*** Records for this task ***

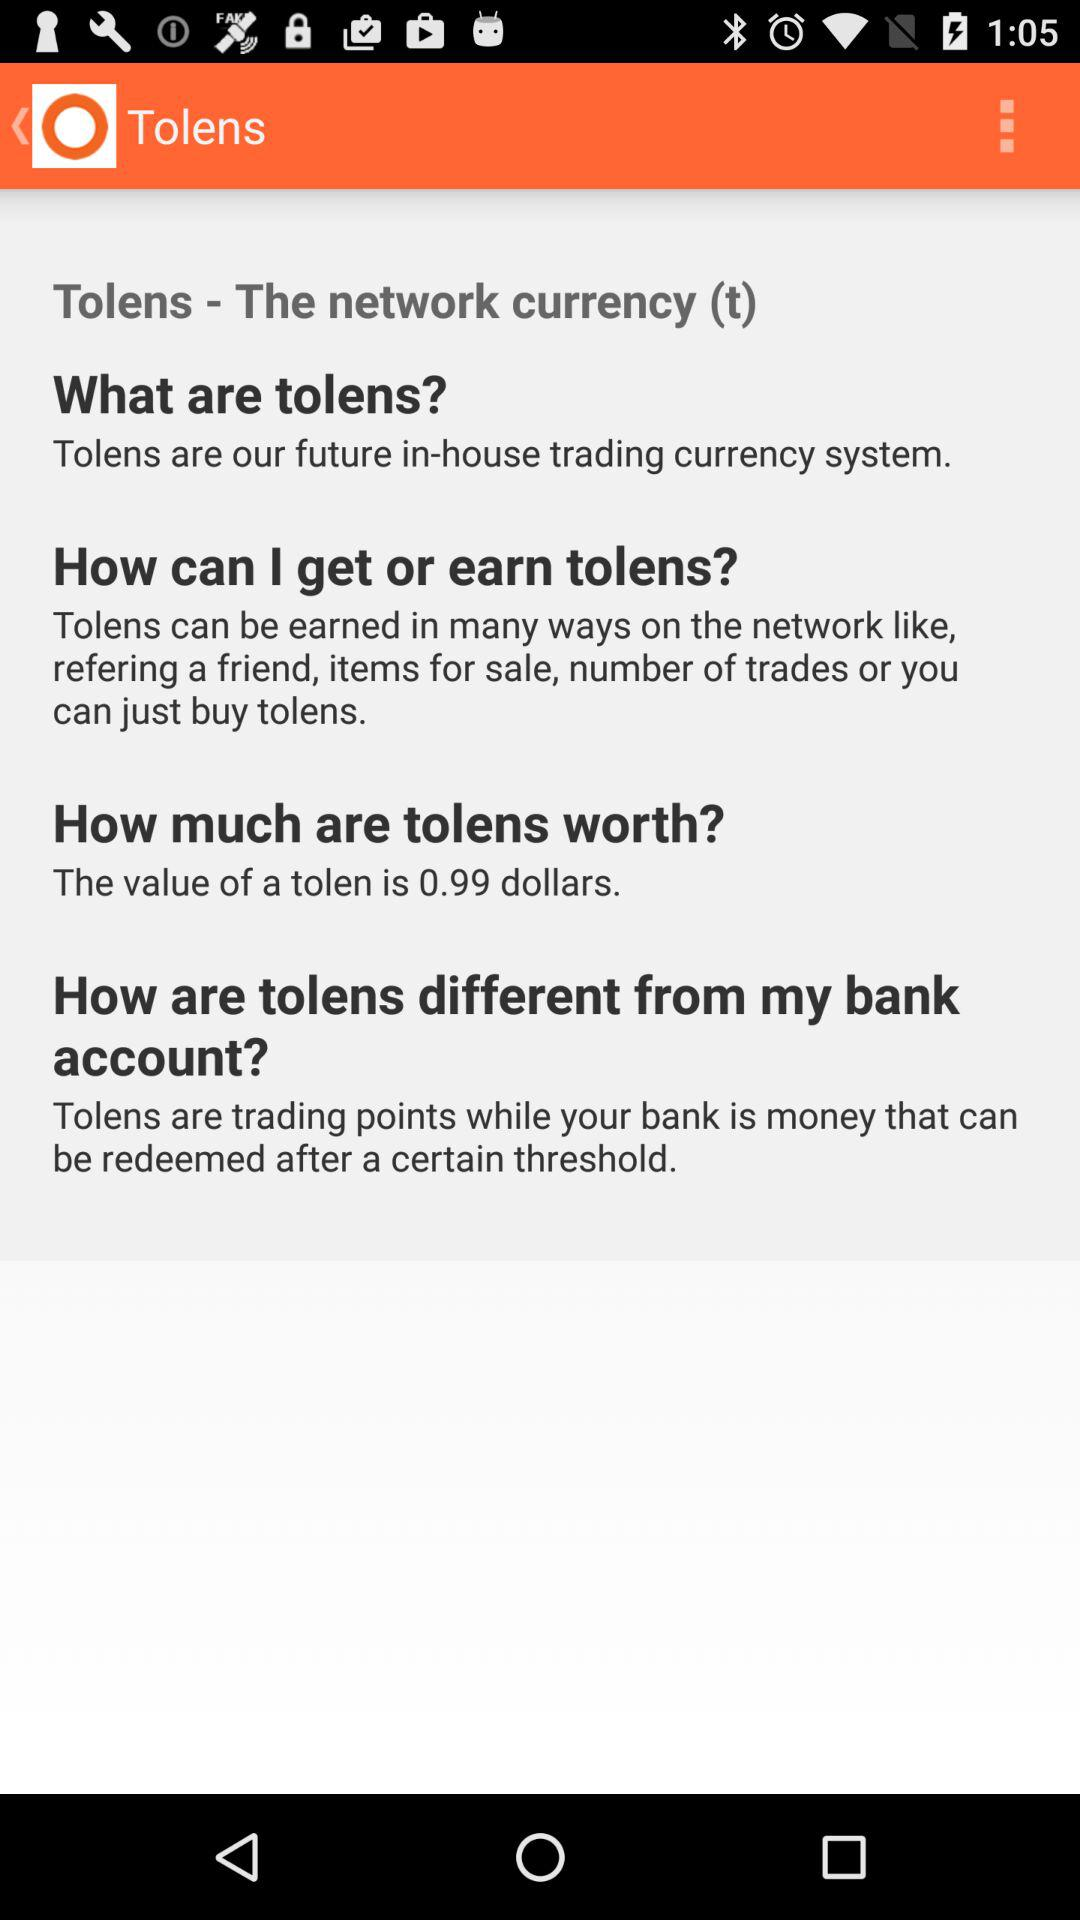What is the name of the application? The name of the application is "Tolens". 
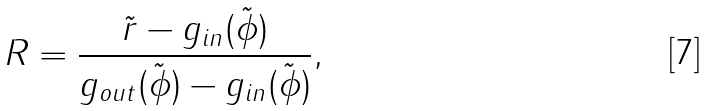Convert formula to latex. <formula><loc_0><loc_0><loc_500><loc_500>R = \frac { \tilde { r } - g _ { i n } ( \tilde { \phi } ) } { g _ { o u t } ( \tilde { \phi } ) - g _ { i n } ( \tilde { \phi } ) } ,</formula> 
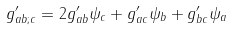<formula> <loc_0><loc_0><loc_500><loc_500>g ^ { \prime } _ { a b ; c } = 2 g ^ { \prime } _ { a b } \psi _ { c } + g ^ { \prime } _ { a c } \psi _ { b } + g ^ { \prime } _ { b c } \psi _ { a }</formula> 
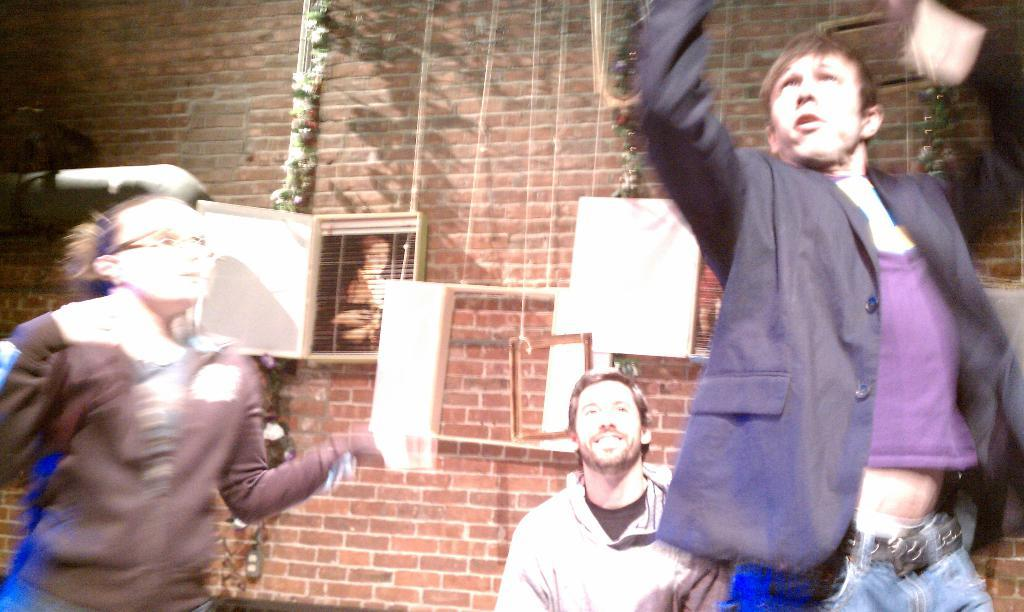Who is on the right side of the image? There is a man on the right side of the image. How many people are in the image in total? There are two men and a girl in the image, making a total of three people. Who is on the left side of the image? There is a girl on the left side of the image. What material is visible in the image? There are bricks visible in the image. What type of teaching is happening in the image? There is no teaching activity depicted in the image. How many chairs are visible in the image? There is no mention of chairs in the provided facts, so we cannot determine the number of chairs in the image. 
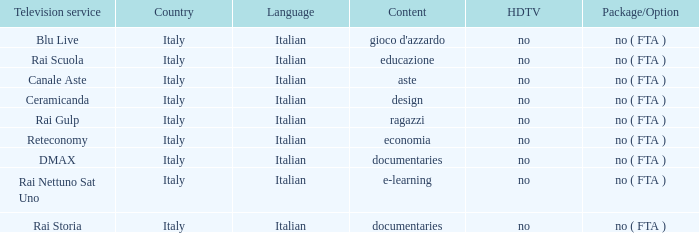What is the Country with Reteconomy as the Television service? Italy. 
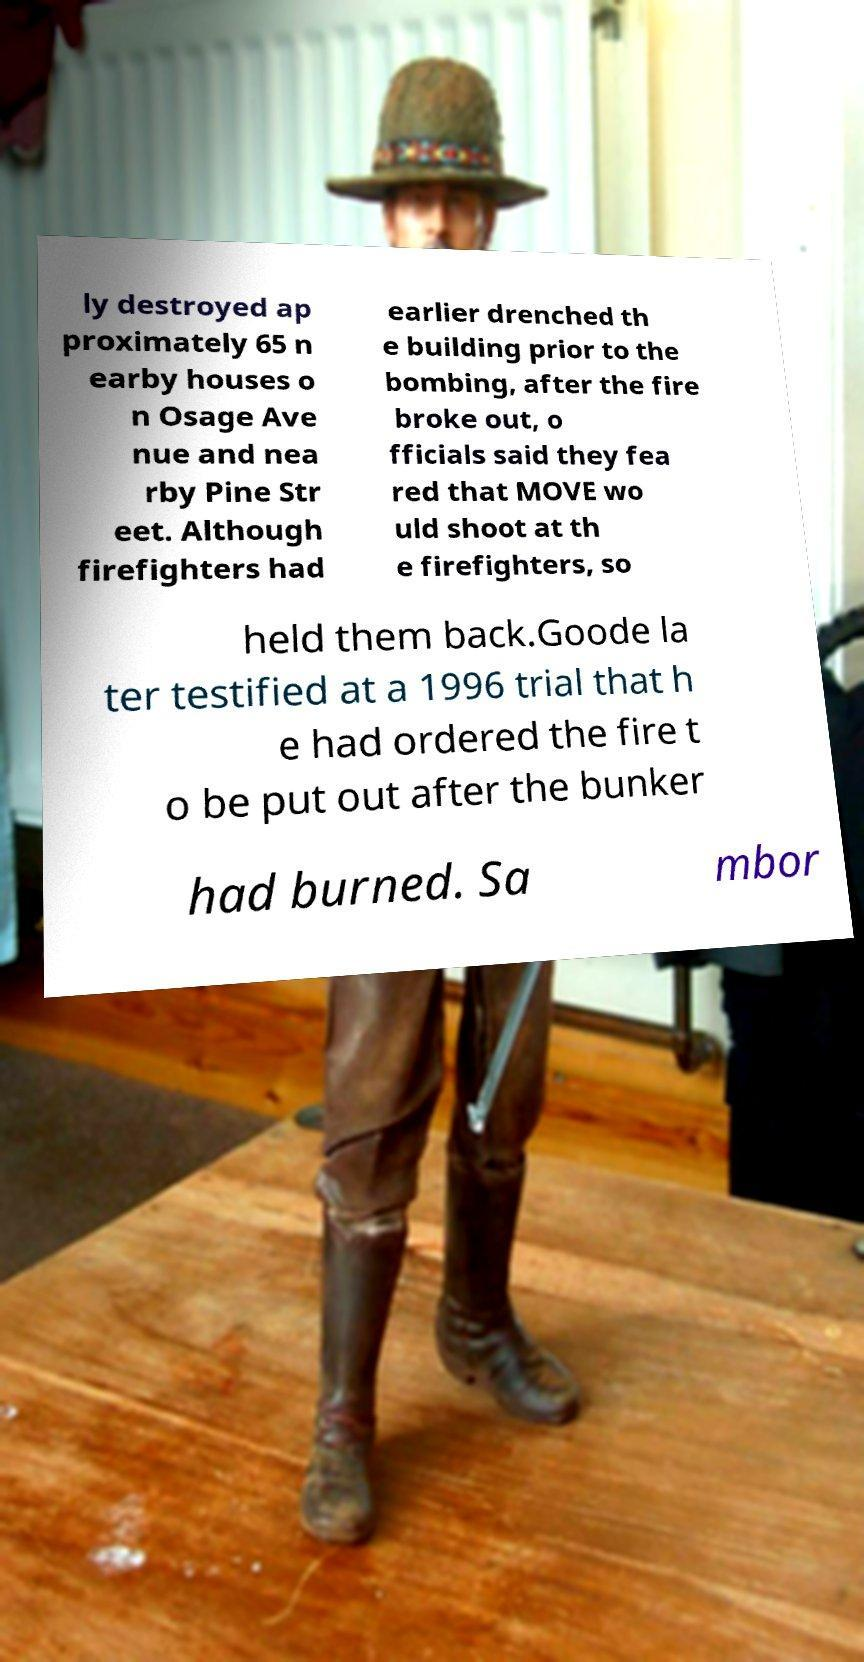I need the written content from this picture converted into text. Can you do that? ly destroyed ap proximately 65 n earby houses o n Osage Ave nue and nea rby Pine Str eet. Although firefighters had earlier drenched th e building prior to the bombing, after the fire broke out, o fficials said they fea red that MOVE wo uld shoot at th e firefighters, so held them back.Goode la ter testified at a 1996 trial that h e had ordered the fire t o be put out after the bunker had burned. Sa mbor 
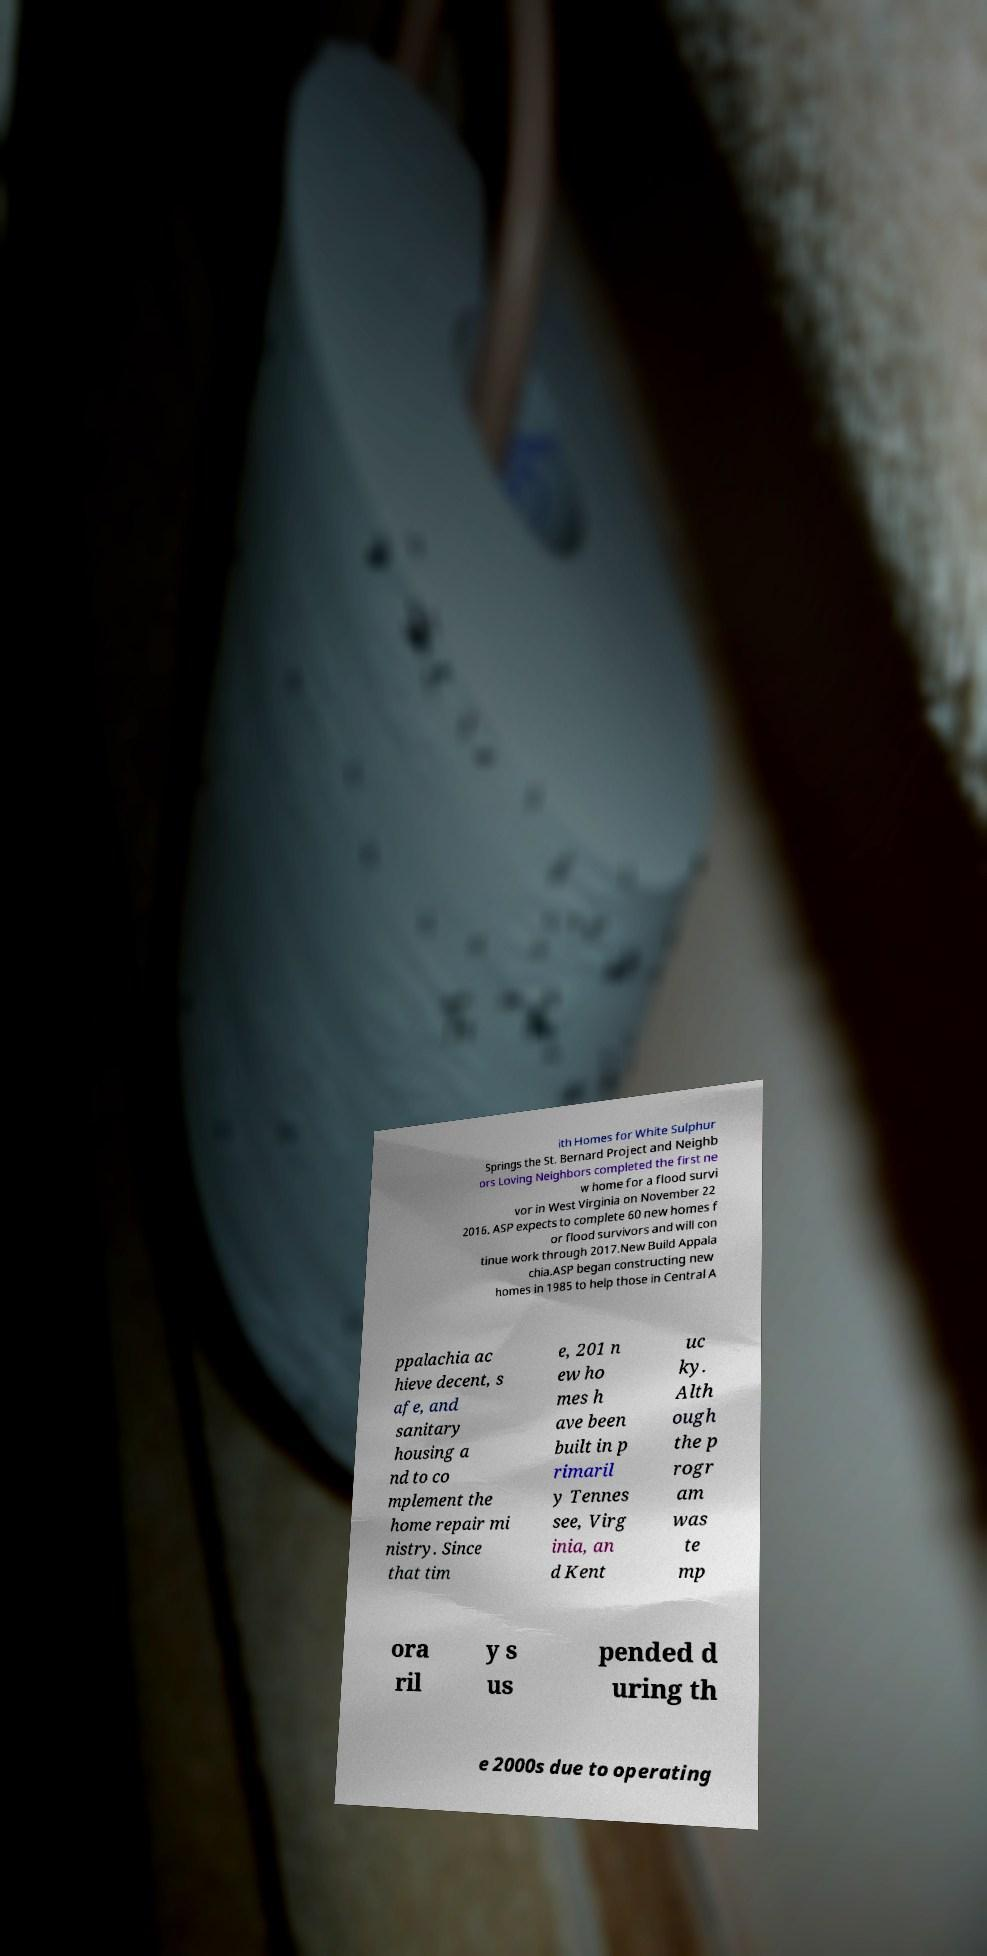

*** End of Records for this task ***

Goal of the exercise:
Only the lines from the top of the data through the line with "<formula> <loc_0><loc_0><loc_500><loc_500>g ^" should be quoted, exactly and with both ends kept; skip the pictures.

Answer to the problem:
What is the name of the application? The name of the application is "Tolens". 
Convert formula to latex. <formula><loc_0><loc_0><loc_500><loc_500>R = \frac { \tilde { r } - g _ { i n } ( \tilde { \phi } ) } { g _ { o u t } ( \tilde { \phi } ) - g _ { i n } ( \tilde { \phi } ) } ,</formula> 
<formula> <loc_0><loc_0><loc_500><loc_500>g ^ { \prime } _ { a b ; c } = 2 g ^ { \prime } _ { a b } \psi _ { c } + g ^ { \prime } _ { a c } \psi _ { b } + g ^ { \prime } _ { b c } \psi _ { a }</formula> 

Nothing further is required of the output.